Report the count of lines in the records that contain "pitch", without any added text.
:: MATERIAL PROVIDED ::
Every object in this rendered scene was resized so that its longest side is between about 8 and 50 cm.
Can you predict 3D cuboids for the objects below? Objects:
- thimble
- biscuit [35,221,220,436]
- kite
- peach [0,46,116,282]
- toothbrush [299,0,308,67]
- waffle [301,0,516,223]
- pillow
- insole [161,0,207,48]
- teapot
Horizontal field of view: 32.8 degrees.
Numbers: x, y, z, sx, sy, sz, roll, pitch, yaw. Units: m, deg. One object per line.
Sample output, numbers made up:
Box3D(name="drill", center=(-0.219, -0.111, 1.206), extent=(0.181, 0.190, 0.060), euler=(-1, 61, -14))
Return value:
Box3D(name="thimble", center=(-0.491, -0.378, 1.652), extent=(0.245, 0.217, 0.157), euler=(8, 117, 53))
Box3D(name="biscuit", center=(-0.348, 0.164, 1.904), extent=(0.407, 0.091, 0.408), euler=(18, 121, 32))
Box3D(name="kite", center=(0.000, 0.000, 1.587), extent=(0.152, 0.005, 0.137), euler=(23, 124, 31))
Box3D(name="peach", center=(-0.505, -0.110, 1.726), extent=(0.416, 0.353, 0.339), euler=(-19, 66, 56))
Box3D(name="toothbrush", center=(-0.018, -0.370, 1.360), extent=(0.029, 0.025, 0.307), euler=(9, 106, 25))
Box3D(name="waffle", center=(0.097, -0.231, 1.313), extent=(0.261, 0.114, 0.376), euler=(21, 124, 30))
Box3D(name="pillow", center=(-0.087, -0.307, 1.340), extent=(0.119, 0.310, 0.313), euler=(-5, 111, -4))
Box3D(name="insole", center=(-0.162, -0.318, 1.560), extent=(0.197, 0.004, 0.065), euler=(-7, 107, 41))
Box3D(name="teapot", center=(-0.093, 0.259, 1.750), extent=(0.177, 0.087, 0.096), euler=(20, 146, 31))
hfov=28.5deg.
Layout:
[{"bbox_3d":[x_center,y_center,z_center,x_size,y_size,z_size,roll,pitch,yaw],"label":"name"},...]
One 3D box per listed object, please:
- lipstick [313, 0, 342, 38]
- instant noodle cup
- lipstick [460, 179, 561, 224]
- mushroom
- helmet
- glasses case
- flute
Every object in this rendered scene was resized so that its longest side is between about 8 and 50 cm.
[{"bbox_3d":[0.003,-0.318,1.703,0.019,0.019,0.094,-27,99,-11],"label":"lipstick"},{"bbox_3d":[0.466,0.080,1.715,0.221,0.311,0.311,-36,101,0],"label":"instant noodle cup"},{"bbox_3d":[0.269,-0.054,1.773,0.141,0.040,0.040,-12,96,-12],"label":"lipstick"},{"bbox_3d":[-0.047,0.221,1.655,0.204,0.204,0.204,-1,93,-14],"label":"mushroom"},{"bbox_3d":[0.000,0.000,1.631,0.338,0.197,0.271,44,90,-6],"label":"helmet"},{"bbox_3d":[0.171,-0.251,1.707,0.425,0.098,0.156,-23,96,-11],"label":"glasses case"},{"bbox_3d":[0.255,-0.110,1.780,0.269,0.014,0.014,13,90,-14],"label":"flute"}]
:::
* SOLUTION TO THIS TASK
2